__WORK TO BE COMPLETED__.
Please repeat the lines of the material below exactly, starting with the one that contains "Item 4: Tool" and ending with the last.

__RECORDED INFORMATION__.
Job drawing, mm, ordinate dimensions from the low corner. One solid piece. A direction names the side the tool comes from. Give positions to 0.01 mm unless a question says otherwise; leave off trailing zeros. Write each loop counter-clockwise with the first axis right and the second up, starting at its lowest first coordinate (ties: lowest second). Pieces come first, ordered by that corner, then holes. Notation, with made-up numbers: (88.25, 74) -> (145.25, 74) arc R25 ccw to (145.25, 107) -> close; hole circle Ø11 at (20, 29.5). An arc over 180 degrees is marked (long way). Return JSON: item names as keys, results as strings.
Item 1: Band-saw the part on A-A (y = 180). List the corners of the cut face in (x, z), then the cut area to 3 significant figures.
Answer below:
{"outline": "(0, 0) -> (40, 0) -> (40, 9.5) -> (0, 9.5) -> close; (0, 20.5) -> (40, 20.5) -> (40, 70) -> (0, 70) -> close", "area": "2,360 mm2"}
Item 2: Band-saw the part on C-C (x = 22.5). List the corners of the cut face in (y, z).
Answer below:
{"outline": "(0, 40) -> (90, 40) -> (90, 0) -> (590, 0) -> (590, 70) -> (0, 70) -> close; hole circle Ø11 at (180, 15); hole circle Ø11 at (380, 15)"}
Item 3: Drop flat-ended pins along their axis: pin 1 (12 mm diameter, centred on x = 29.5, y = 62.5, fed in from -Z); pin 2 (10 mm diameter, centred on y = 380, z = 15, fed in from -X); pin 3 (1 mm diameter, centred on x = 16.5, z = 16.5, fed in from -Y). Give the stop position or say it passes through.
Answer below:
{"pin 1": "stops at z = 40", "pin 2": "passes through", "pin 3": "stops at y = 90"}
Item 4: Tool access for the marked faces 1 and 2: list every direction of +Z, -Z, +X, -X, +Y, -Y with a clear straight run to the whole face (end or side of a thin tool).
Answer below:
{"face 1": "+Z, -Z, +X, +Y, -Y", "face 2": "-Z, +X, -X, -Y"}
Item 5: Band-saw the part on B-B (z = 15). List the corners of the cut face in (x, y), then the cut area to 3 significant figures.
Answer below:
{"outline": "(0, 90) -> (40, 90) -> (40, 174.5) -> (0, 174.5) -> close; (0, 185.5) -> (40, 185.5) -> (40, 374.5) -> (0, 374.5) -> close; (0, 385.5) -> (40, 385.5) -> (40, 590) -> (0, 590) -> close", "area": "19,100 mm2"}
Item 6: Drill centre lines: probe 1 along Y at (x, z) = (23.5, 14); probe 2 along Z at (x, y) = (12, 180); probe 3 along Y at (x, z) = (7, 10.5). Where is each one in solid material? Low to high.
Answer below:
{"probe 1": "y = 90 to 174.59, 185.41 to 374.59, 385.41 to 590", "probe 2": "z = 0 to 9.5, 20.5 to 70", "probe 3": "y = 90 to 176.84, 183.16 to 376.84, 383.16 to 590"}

__TASK SOLUTION__.
Item 4: Tool access for the marked faces 1 and 2: list every direction of +Z, -Z, +X, -X, +Y, -Y with a clear straight run to the whole face (end or side of a thin tool).
Answer below:
{"face 1": "+Z, -Z, +X, +Y, -Y", "face 2": "-Z, +X, -X, -Y"}
Item 5: Band-saw the part on B-B (z = 15). List the corners of the cut face in (x, y), then the cut area to 3 significant figures.
Answer below:
{"outline": "(0, 90) -> (40, 90) -> (40, 174.5) -> (0, 174.5) -> close; (0, 185.5) -> (40, 185.5) -> (40, 374.5) -> (0, 374.5) -> close; (0, 385.5) -> (40, 385.5) -> (40, 590) -> (0, 590) -> close", "area": "19,100 mm2"}
Item 6: Drill centre lines: probe 1 along Y at (x, z) = (23.5, 14); probe 2 along Z at (x, y) = (12, 180); probe 3 along Y at (x, z) = (7, 10.5). Where is each one in solid material? Low to high.
Answer below:
{"probe 1": "y = 90 to 174.59, 185.41 to 374.59, 385.41 to 590", "probe 2": "z = 0 to 9.5, 20.5 to 70", "probe 3": "y = 90 to 176.84, 183.16 to 376.84, 383.16 to 590"}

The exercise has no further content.